In September 2014, Boone signed with Manama of the Bahraini Premier League. He went on to help Manama win their 19th championship in May 2015.

On September 9, 2015, Boone signed with BC Kalev/Cramo of Estonia.

On January 13, 2016, Boone signed with BC Khimki of Russia. He was supposed to replace injured Paul Davis and Ruslan Pateev.

On August 2, 2016, Boone signed with Pınar Karşıyaka of Turkey for the 2016–17 season. On October 24, 2016, he parted ways with Karşıyaka after appearing in only one game.

On December 24, 2016, Boone signed with Melbourne United of the Australian National Basketball League as an injury replacement player.

On February 21, 2017, Boone signed with the Hong Kong Eastern Long Lions of the ASEAN Basketball League. He helped the Long Lions win the championship after they defeated the Singapore Slingers in the ABL Finals.

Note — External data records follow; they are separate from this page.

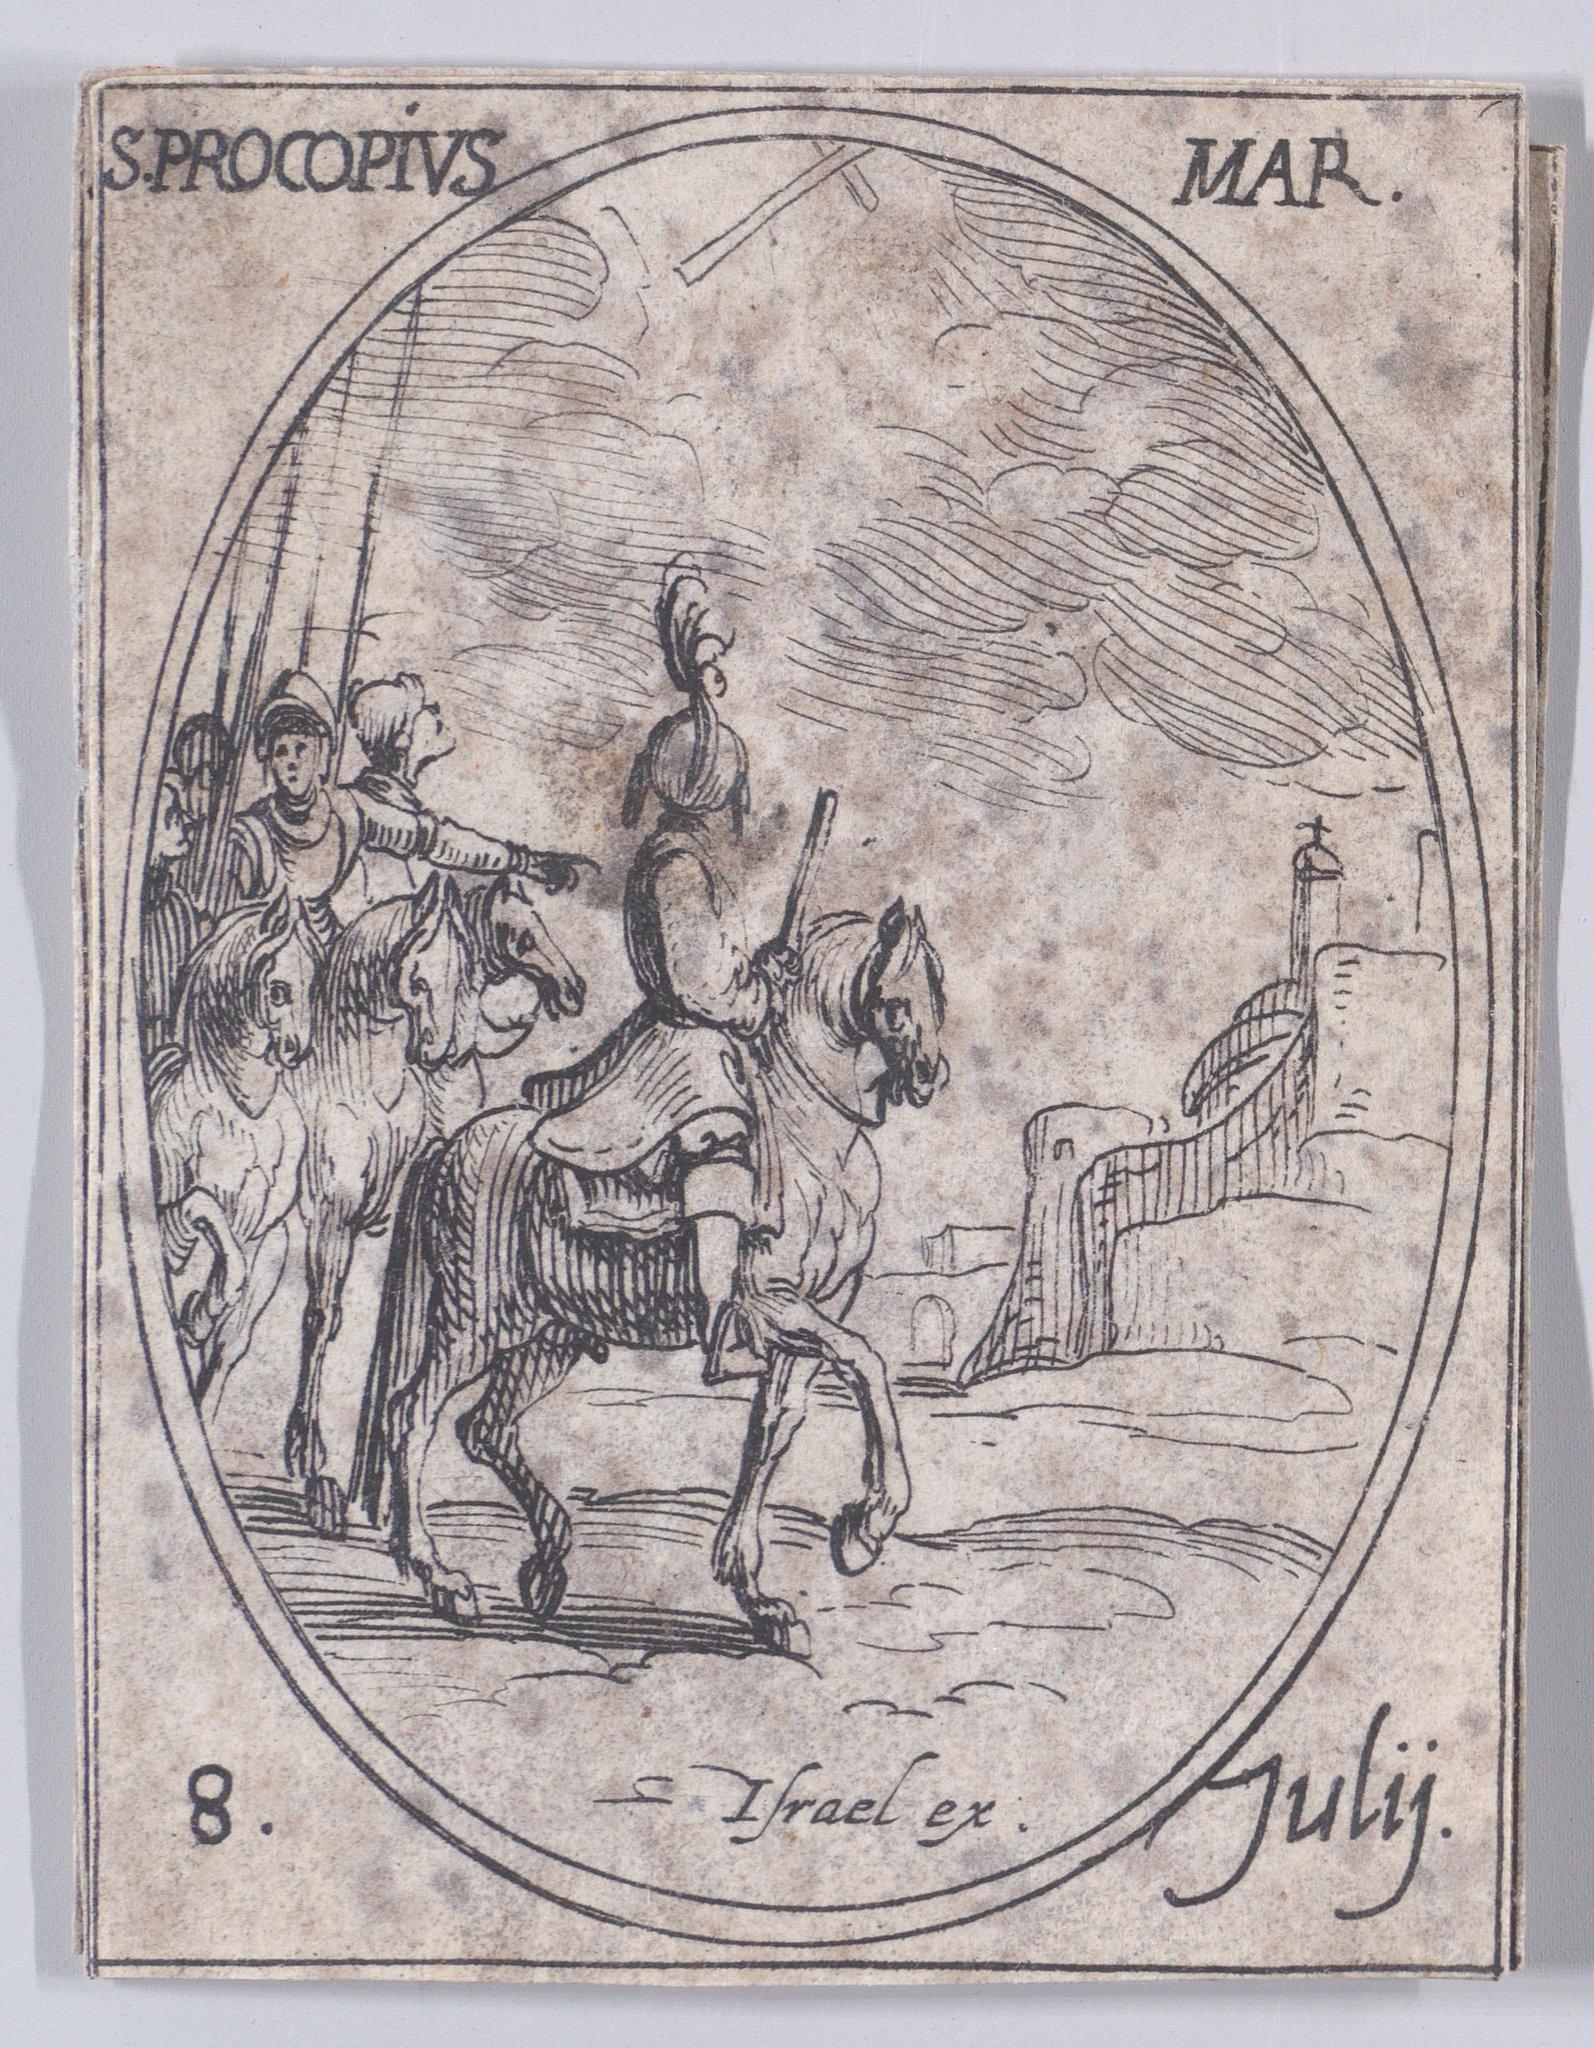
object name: print
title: S. Procope, martyr (St. Procopius, Martyr), July 8th, from "Les Images De Tous Les Saincts et Saintes de L'Année" (Images of All of the Saints and Religious Events of the Year)
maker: jacques callot
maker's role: artist
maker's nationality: french
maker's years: 1592-1635
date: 1636
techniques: etching
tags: men,horses,saints

On April 28, 2017, Boone re-signed with Melbourne United for the 2017–18 NBL season. On August 14, 2018, he re-signed with United for the 2018–19 NBL season.

On May 21, 2019, Boone signed with the Illawarra Hawks for 2019–20 NBL season.

On March 4, 2020, he has signed with Al Nasr of the UAE National Basketball League. Boone signed with Al Riffa of the Bahraini Premier League on August 9.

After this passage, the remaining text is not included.